(Items listed in a dataset)
=== Begin Enclosure ===
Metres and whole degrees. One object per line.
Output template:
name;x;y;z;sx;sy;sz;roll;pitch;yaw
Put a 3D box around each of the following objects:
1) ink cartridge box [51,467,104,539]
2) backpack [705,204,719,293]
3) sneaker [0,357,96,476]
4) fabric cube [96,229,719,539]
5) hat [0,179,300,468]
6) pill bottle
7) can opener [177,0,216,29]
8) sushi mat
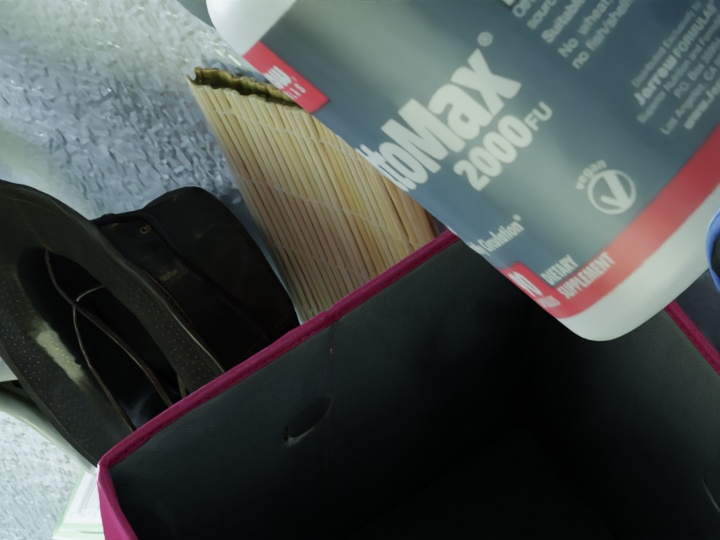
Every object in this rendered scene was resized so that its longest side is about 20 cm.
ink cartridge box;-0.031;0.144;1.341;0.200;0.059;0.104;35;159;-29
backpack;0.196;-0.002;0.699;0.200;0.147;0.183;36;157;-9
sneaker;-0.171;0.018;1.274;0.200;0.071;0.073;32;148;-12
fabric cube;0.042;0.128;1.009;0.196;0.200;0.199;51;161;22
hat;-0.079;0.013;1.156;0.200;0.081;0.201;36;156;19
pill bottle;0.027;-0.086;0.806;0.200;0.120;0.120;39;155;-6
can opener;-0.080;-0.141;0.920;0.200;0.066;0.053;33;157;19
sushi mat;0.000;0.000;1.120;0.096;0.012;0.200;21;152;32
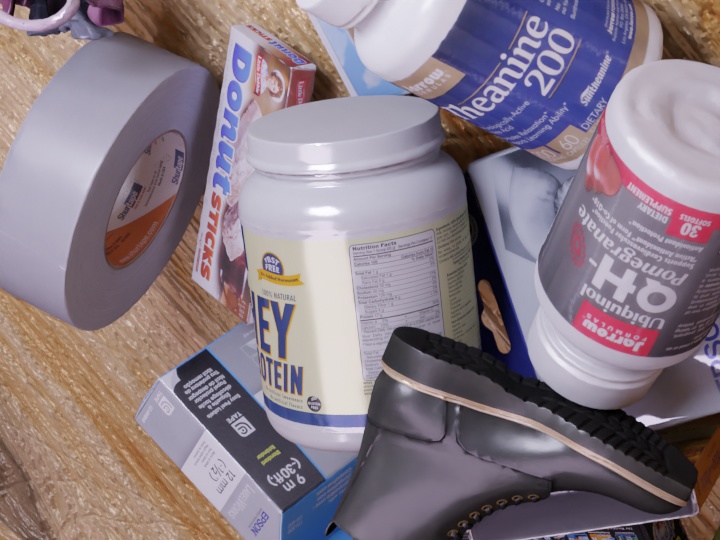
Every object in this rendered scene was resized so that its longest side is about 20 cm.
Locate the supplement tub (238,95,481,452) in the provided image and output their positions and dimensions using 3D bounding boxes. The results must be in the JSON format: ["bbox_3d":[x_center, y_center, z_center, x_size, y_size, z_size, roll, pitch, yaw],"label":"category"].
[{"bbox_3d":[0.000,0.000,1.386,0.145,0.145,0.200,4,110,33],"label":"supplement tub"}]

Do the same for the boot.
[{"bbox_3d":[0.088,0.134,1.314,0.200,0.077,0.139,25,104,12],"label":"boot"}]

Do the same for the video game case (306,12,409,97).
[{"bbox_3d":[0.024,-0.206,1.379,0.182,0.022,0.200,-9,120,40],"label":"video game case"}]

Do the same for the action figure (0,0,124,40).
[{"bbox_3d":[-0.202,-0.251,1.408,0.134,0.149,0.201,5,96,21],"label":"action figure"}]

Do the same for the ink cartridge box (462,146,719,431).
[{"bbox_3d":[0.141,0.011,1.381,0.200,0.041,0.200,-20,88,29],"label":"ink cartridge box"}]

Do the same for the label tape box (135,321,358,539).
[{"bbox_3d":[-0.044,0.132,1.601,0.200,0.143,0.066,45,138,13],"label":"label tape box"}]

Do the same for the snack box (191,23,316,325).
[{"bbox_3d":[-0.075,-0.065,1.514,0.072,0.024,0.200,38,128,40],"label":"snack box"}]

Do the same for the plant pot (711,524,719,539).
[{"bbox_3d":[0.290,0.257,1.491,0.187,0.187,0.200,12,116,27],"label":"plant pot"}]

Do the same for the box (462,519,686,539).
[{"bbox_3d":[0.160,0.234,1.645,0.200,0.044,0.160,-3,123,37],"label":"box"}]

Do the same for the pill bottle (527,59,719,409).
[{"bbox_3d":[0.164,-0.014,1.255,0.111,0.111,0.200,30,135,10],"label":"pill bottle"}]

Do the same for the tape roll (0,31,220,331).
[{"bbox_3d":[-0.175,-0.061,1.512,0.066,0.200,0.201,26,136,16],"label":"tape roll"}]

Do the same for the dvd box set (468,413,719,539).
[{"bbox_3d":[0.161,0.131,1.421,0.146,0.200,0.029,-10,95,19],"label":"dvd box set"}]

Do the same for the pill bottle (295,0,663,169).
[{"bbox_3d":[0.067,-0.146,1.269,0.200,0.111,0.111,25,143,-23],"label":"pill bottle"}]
=== End Enclosure ===
* [Assigned task]
Nothing but the lines above from the one containing "3) sneaker [0,357,96,476]" through the one containing "8) sushi mat" should appear in the answer, each repeated exactly.

* [Written answer]
3) sneaker [0,357,96,476]
4) fabric cube [96,229,719,539]
5) hat [0,179,300,468]
6) pill bottle
7) can opener [177,0,216,29]
8) sushi mat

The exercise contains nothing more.